I can now sew fitted sheets and embroider sheets but I still cannot fold fitted sheets.

 

So now I have four home sewn sheets with hand-embroidered whales. 

 A few days ago we discovered that my sister-in-law had also given us several crib sheets, which somehow got mixed in with a box of baby clothes.  So the home sewn sheet part was probably completely unnecessary.  Still, it was a fun project. 

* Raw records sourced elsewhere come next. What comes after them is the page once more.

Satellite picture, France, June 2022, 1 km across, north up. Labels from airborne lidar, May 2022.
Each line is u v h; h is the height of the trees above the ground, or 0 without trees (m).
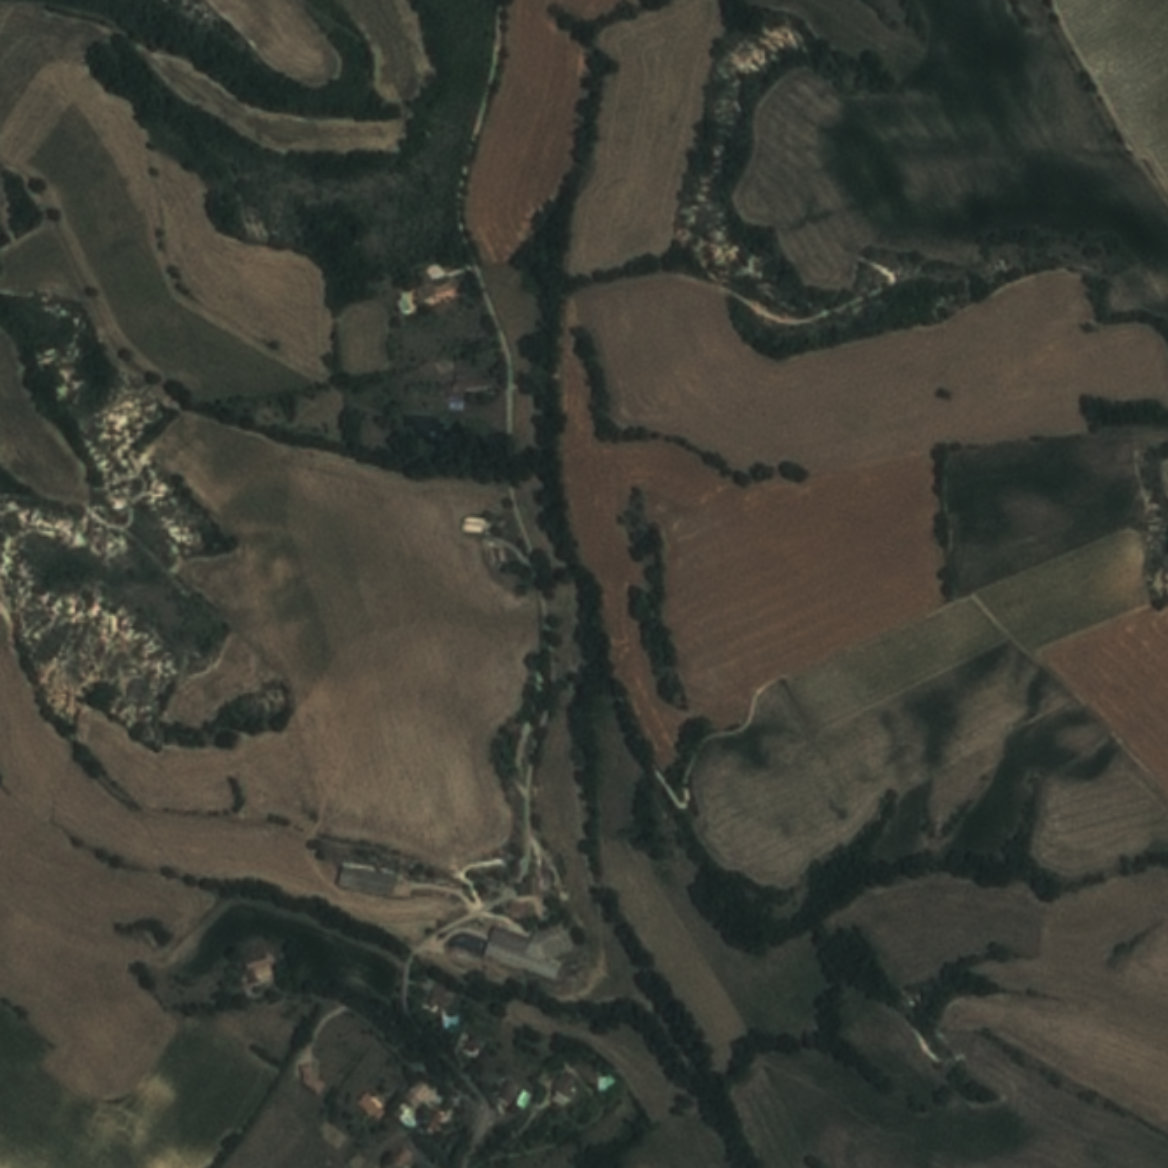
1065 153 0
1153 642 0
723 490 0
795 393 0
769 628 0
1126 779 0
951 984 7
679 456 0
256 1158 0
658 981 25
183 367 0
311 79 0
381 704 0
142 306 0
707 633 0
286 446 8
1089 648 0
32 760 0
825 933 13
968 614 0
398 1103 11
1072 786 0
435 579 0
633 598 11
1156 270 0
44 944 0
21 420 0
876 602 0
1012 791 0
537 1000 25
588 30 15
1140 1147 0
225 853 0
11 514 0
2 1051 0
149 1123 0
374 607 0
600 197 0
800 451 0
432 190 8
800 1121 0
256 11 0
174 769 0
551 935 0
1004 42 0
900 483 0
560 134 0
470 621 0
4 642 0
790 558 0
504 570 7
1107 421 12
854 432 0
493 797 0
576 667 0
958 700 0
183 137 8
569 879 0
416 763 0
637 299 0
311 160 9
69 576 7
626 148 0
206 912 0
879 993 12
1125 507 0
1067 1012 0
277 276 0
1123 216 0
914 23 10
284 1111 0
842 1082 0
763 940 22
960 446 7
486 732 0
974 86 0
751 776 0
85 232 0
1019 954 6
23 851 0
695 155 9
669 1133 0
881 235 0
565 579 23
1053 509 0
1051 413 0
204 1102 0
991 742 0
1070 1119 0
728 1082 19
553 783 0
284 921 0
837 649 0
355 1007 11
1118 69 0
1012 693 0
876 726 0
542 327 15
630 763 0
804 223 0
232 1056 0
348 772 0
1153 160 0
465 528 0
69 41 0
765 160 0
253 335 0
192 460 0
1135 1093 0
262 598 0
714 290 0
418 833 0
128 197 0
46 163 0
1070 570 0
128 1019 0
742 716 0
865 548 0
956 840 0
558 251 19
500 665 0
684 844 12
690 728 15
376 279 12
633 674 0
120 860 13
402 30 0
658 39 0
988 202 0
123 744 0
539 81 0
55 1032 0
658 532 9
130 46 9
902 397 0
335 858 0
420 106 8
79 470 0
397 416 13
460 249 17
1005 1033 0
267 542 0
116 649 0
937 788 0
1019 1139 0
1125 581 0
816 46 8
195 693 0
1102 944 0
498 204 0
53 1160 0
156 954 0
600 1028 19
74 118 0
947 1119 0
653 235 0
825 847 0
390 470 15
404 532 0
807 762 0
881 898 0
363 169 10
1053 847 0
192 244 0
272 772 0
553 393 16
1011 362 0
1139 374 0
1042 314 0
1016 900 0
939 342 0
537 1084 7
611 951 0
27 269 0
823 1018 15
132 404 0
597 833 14
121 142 0
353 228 11
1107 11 0
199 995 0
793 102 0
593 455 0
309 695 0
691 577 0
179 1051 0
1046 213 0
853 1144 0
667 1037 27
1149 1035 0
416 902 0
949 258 0
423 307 7
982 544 0
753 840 0
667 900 0
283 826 10
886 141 0
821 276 0
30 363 12
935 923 0
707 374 0
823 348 8
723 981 0
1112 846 0
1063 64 0
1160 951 0
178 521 0
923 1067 0
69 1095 0
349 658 0
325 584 0
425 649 0
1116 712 0
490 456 32
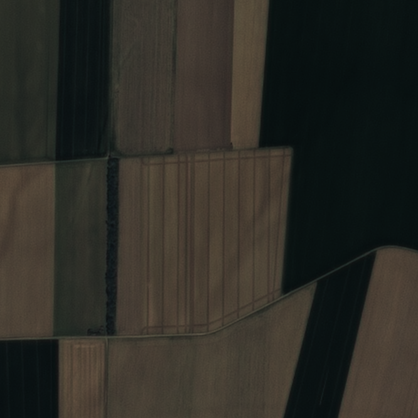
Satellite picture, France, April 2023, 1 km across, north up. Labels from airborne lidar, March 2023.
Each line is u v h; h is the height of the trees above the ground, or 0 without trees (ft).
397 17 0
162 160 0
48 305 0
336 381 0
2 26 0
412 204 0
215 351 0
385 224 0
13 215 0
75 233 0
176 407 0
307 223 0
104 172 0
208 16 0
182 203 0
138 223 0
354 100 0
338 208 0
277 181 0
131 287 0
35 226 0
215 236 0
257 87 0
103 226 0
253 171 0
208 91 0
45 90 0
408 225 0
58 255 0
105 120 0
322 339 0
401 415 0
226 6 0
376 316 0
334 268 0
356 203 0
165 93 0
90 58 0
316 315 0
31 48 0
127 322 0
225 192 0
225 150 0
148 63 0
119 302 0
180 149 0
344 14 0
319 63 0
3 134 0
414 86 0
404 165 0
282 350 0
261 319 0
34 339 0
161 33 0
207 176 0
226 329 0
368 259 0
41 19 0
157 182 0
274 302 0
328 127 0
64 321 0
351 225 0
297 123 0
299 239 0
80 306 0
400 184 0
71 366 0
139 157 0
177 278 0
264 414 0
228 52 0
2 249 0
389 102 0
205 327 0
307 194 0
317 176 0
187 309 0
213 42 0
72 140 0
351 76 0
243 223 0
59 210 0
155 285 0
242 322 0
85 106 0
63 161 0
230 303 0
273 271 0
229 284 0
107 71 0
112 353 0
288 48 0
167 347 0
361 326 0
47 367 0
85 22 0
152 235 0
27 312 0
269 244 0
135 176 0
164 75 0
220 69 0
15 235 0
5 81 0
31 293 0
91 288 0
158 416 0
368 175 0
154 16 0
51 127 0
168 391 0
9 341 0
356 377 0
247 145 0
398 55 0
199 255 0
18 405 0
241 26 0
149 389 0
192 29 0
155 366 0
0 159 0
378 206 0
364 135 0
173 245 0
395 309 0
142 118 0
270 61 0
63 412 0
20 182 0
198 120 0
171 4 0
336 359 0
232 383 0
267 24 0
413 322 0
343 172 0
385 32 0
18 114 0
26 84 0
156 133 0
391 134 0
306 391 0
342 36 0
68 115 0
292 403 0
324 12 0
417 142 0
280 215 0
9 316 0
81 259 0
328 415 0
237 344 0
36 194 0
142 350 0
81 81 0
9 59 0
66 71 0
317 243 0
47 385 0
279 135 0
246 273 0
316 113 0
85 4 0
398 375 0
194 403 0
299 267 0
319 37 0
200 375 0
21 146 0
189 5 0
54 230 0
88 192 0
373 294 0
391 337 0
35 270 0
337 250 0
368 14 0
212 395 0
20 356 0
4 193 0
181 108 0
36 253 0
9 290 0
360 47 0
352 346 0
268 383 0
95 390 0
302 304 0
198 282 0
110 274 38
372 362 0
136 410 0
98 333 0
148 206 0
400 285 0
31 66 0
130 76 0
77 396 0
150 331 0
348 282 0
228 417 0
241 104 0
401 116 0
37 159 0
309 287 0
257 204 0
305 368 0
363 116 0
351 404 0
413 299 0
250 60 0
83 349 0
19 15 0
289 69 0
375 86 0
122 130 0
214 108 0
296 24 0
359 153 0
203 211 0
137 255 0
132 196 0
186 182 0
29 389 0
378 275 0
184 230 0
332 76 0
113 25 0
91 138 0
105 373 0
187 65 0

 Not being able to carry the buckets and pots of water necessary for dyeing has led me to catching up on other projects, most too boring and administrative to bother describing, but amongst the other chores I finally downloaded the photos that have been accruing on my working SSD card, and came across this gem of an outtake from a mid-February photo session.  Note my hand settled gently and proudly atop my (invisible) belly.  I am fairly sure the impetus for this photo session, aside from the desire to document the progress of my heavily modified Solbien cardigan turned dress, was the discovery that my vague feelings of becoming a little thick around the middle had solidified into an actual baby bump (which again, I cannot see in this photo, though I remember running downstairs to show Sam the moment I noticed it, who was equally excited). 

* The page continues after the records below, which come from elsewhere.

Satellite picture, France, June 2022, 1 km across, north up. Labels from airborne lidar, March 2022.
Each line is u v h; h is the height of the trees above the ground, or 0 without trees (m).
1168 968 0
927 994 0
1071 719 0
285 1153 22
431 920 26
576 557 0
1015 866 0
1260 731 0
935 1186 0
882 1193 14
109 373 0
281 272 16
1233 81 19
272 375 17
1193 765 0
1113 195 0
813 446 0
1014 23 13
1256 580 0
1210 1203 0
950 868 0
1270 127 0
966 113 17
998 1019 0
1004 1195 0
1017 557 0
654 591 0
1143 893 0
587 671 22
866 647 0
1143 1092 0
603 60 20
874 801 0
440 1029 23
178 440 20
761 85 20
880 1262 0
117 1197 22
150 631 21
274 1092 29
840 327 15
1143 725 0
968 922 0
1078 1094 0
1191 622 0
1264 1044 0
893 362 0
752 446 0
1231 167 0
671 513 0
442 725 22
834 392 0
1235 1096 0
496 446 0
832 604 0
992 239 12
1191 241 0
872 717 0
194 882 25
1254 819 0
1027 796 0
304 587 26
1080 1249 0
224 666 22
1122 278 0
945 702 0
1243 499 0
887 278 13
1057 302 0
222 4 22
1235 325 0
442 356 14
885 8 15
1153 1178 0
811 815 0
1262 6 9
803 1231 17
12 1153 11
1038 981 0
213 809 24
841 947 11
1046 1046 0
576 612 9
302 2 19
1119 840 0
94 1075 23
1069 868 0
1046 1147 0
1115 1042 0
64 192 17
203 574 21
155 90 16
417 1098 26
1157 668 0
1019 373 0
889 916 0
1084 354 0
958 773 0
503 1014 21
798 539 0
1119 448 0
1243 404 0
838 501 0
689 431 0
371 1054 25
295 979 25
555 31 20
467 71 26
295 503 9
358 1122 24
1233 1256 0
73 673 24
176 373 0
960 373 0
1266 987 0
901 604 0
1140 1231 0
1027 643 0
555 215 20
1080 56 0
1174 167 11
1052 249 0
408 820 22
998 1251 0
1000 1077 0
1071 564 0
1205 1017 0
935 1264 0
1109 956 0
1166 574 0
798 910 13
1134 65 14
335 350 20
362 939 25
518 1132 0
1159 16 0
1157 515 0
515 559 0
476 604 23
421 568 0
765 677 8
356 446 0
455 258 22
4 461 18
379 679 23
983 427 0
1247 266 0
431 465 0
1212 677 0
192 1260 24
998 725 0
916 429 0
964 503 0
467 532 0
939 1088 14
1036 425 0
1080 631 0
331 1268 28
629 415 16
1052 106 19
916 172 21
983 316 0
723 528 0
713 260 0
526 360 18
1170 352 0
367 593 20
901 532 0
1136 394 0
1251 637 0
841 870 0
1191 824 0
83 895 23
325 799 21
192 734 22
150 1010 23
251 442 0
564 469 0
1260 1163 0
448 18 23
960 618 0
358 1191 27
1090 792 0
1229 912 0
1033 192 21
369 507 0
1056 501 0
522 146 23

 Also the Socialist Realist pose - I look like I’m about to do something epic for the glory of the fatherland.  

Also the Socialist Realist pose - I look like I’m about to do something epic for the glory of the fatherland.  

Yup, at 40 weeks, 6 days pregnant I have settled into the game familiar to every person who has ever been pregnant - “remember when I thought that was a belly?” 

To be fair, this Alabama Chanin A-Line dress is somehow magically also minimizing my belly, or maybe I just feel like I should be a foot or two wider.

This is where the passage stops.